The author has developed and successfully used a novel and efficient method to reject the interfering Rayleigh light from detection in Raman microprobe spectroscopy on usually (110)-oriented laser facets (Epperlein, 1992). It employs crossed polarizations of incident and scattered light in conjunction with a commercial polarizing beamsplitter (PBS), which has polarization-dependent transmissions. This new method avoids all the drawbacks listed above for notch filters.
Figure 7.19 demonstrates the basic function by using a simple PBS, which consists of a pair of right-angled prisms, cemented together, hypotenuse-face to hypotenuse-face, with a special multilayer dielectric film in between. The incident light from the excitation laser is linearly polarized (p-polarization) such that it passes straight through the cube onto the laser facet surface with the correct polarization for symmetry-allowed Raman scattering (see Section 7.4.4 and Figure 7.20 below). Upon scattering, the Rayleigh light with unchanged polarization is transmitted back through the cube. In contrast, the interesting Raman light with a polarization orthogonal to that of the incident beam (s-polarization) is reflected by the multilayer dielectric film at a 90° angle and fed into the spectrometer for spectral detection.
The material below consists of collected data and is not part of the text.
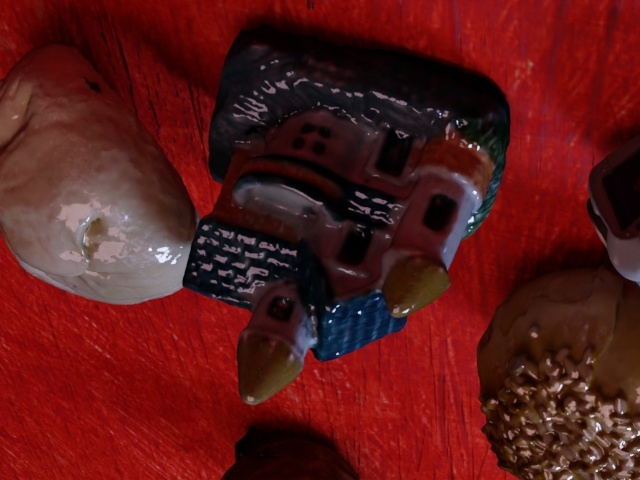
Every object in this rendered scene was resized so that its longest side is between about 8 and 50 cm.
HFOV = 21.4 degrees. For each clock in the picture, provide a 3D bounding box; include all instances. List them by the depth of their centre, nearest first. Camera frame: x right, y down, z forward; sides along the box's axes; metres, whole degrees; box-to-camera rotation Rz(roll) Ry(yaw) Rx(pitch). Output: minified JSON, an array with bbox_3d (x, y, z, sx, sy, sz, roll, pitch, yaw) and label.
[{"bbox_3d":[0.329,0.027,1.354,0.146,0.199,0.243,-42,116,16],"label":"clock"}]

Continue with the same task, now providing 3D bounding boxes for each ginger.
[{"bbox_3d":[-0.028,0.369,2.089,0.200,0.223,0.269,5,145,19],"label":"ginger"}]

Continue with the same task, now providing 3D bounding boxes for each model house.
[{"bbox_3d":[0.000,0.000,1.391,0.253,0.291,0.184,18,155,4],"label":"model house"}]

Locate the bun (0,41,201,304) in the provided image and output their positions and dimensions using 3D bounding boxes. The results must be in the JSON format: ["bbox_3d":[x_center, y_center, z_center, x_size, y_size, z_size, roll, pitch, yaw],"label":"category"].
[{"bbox_3d":[-0.215,-0.041,1.510,0.259,0.160,0.259,48,170,11],"label":"bun"}]

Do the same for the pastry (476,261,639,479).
[{"bbox_3d":[0.285,0.163,1.578,0.284,0.184,0.316,-5,141,37],"label":"pastry"}]

The extinction ratio (ER) between Rayleigh and Raman light of this basic configuration is in the range of 10−2 to 10−3 at the detection input and the cut-off spectral range from the laser line is now dramatically reduced to about ±25 cm−1. By using a crossed pair of PBS cubes or a high-quality polarizing Thompson calcite prism ER can be further increased to 10−4–10−6 and Raman signals as close as ~10 cm−1 to the laser line can be detected, which is never possible with notch filters.
The requirements of the spectral detection system are enormously high considering the facts that, first, the Raman signal is many orders of magnitude weaker than the elastically scattered Rayleigh light and that, second, the difference between the Raman signal energy and laser light energy is extremely low, in the region of 1% of the laser energy. For example, 1% of the energy of the Ar+-laser 457.9 nm line amounts to 0.01×2.7 eV = 27 meV, which is a typical phonon energy in GaAs.
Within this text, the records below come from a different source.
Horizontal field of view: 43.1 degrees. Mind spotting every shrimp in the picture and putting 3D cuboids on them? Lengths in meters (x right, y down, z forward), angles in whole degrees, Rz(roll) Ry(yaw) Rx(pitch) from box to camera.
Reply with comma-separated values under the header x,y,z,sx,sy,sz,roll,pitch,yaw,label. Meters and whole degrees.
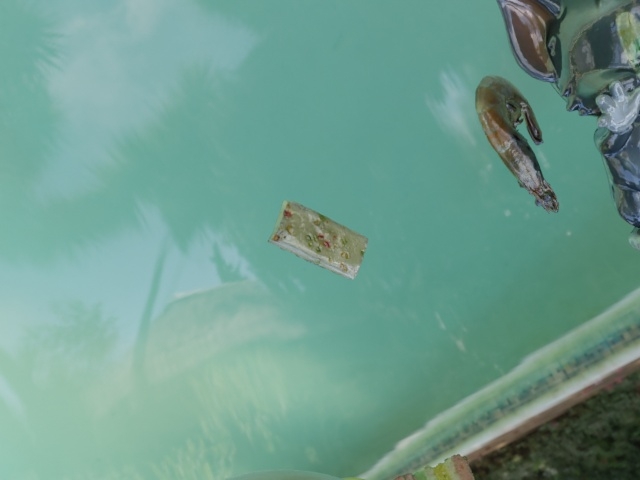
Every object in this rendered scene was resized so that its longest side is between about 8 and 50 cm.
x,y,z,sx,sy,sz,roll,pitch,yaw,label
0.333,-0.160,1.322,0.052,0.251,0.143,-15,-162,47,shrimp

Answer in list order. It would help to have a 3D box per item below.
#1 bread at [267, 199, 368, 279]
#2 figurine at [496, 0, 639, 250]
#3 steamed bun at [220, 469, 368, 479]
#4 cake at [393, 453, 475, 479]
x,y,z,sx,sy,sz,roll,pitch,yaw,label
0.000,0.000,1.160,0.154,0.068,0.028,27,163,-29,bread
0.290,-0.131,0.732,0.193,0.140,0.265,-27,121,-9,figurine
-0.030,0.362,0.623,0.334,0.374,0.333,-11,134,-11,steamed bun
0.181,0.417,1.101,0.109,0.225,0.090,-13,149,-8,cake
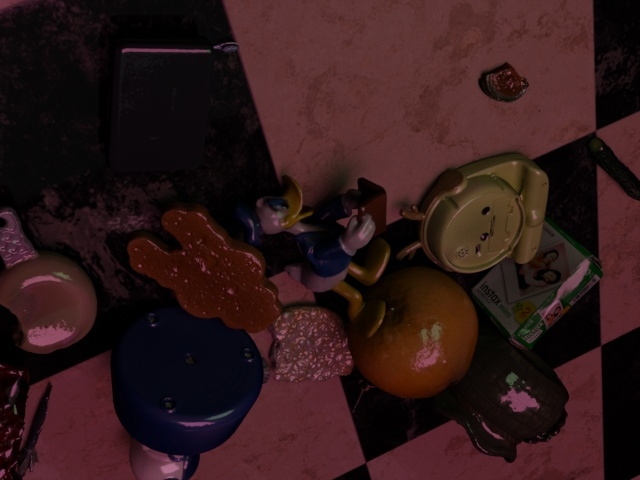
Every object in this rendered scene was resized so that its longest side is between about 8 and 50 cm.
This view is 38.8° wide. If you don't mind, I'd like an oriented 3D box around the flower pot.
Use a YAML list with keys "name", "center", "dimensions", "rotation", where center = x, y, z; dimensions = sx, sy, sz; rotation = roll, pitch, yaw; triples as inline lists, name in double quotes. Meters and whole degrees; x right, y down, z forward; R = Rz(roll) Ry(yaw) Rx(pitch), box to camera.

The spectrometer must meet stringent conditions to observe this weak sideband close to the strong laser line. It must have a high spectral resolving power Δλ/λ, which is for the double spectrometer in Figure 7.5 with a specified focus length of 0.85 m (effectively 0.9 m due to the detector column added) and dual-holographic grating greater than 104. This means that spectral structures separated by ≤0.05 nm can be resolved at an excitation laser line in the visible region.
Another stringent condition is that the stray light rejection ratio, that is, the ratio of the integrated background stray light to the signal light intensity, is sufficiently small. The specified stray light rejection ratio of the double spectrometer in Figure 7.5 is <10−14, which in combination with the use of the external PBS discussed above fully meets the requirements to perform high-performance reliable Raman spectroscopy measurements. Stray light, which is produced by imperfections in the optics and by the scattering of light at walls and dust particles inside the spectrometer, is about an order of magnitude less intense from holographic gratings than from ruled gratings. It can be further minimized by using a smooth sample surface and by flushing the spectrometer with a purified and inert purge gas such as nitrogen. This avoids negative effects such as water vapor absorption and oxygen/ozone contamination of the optics, although ozone buildup occurs only in the presence of deep UV radiation.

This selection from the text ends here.